風子はそう思い、いつも図書室から眺めるだけにしていたのだ。


「来月の頭に蓮二のところで合宿をするのだ」

真田は徐に口を開いた。



分からないという表情をする風子に、蓮二のペンションだと答えた。


「そっか。真田くんも怪我には気をつけてね」


も、とはどういうことだろうか
誰かに会ったのだろうか


「風子は、誰かに会ったのか?」


「昨日、柳生くんに会ったよ。合宿の話は初めてだけど」

「そうか」



どうかしたのかな、真田くん?



もやもやを振り払い、真田はそろそろと立ち上がった。

今日は午後からしか使えず、暑さも考慮し練習時間が短い。
風子はそれを知ると、鞄からタオルを取り出した。



「ほら、私さ真田くんの誕生日に何も渡せなかったから」

差し出されたそれは、青と白のチェック柄。


「黒が好きって言ってたけど、こういうのも青春って感じかな」

えへへと笑う風子に真田は、首筋から耳の辺りが熱く感じた。



「有り難く使わせてもらおう。

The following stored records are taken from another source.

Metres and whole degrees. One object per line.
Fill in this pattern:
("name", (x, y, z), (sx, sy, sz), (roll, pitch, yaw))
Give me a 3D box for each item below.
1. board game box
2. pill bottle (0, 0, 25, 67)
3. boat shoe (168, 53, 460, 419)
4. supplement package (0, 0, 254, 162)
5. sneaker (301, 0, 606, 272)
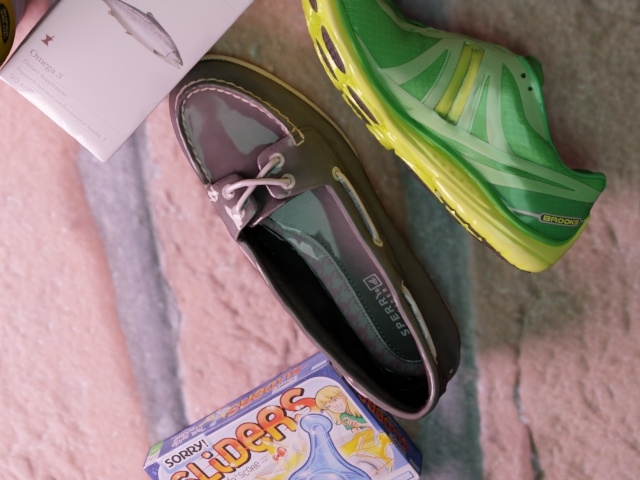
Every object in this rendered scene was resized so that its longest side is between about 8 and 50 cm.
("board game box", (-0.033, 0.190, 1.406), (0.201, 0.035, 0.136), (-32, 109, 20))
("pill bottle", (-0.287, -0.147, 1.169), (0.119, 0.208, 0.119), (3, 118, 6))
("boat shoe", (0.000, 0.000, 1.271), (0.112, 0.095, 0.335), (-32, 109, 21))
("supplement package", (-0.134, -0.165, 1.199), (0.105, 0.105, 0.179), (40, 114, -12))
("sneaker", (0.096, -0.111, 1.216), (0.123, 0.109, 0.295), (-44, 103, -3))

風子も、帰りは気をつけるように」

「ありがとう。真田くんもね」



冷房の効いた図書室から出ると、廊下ですら暑く感じた。

それとは別に、風子から受け取ったタオルを持つ手に汗を感じた。


気合いを入れねば!




真田が生徒会室の前を通ると、丁度よく柳がテニスバッグを手に出て来た。


「風子からの物だな」

ぴしゃりと言い当てられた真田は、ぐっと言葉に詰まった。

「顔が赤いぞ」

「からかうな!」


くすくす笑う友人に、こんなやつだっただろうかと頭を押さえた。




「部室に一度行ったのだろう」

タオル以外に手ぶらの真田を見た柳は、早く行こうと促した。



「今日も暑いものだな」

「あぁ。仁王辺りに、気をつけないといけないな」




校舎を出ると眩しい太陽が照り付けた。
テニスコートからは、錦の豪快な笑い声が聞こえる。

今日もテニス部は、ラケットを握る。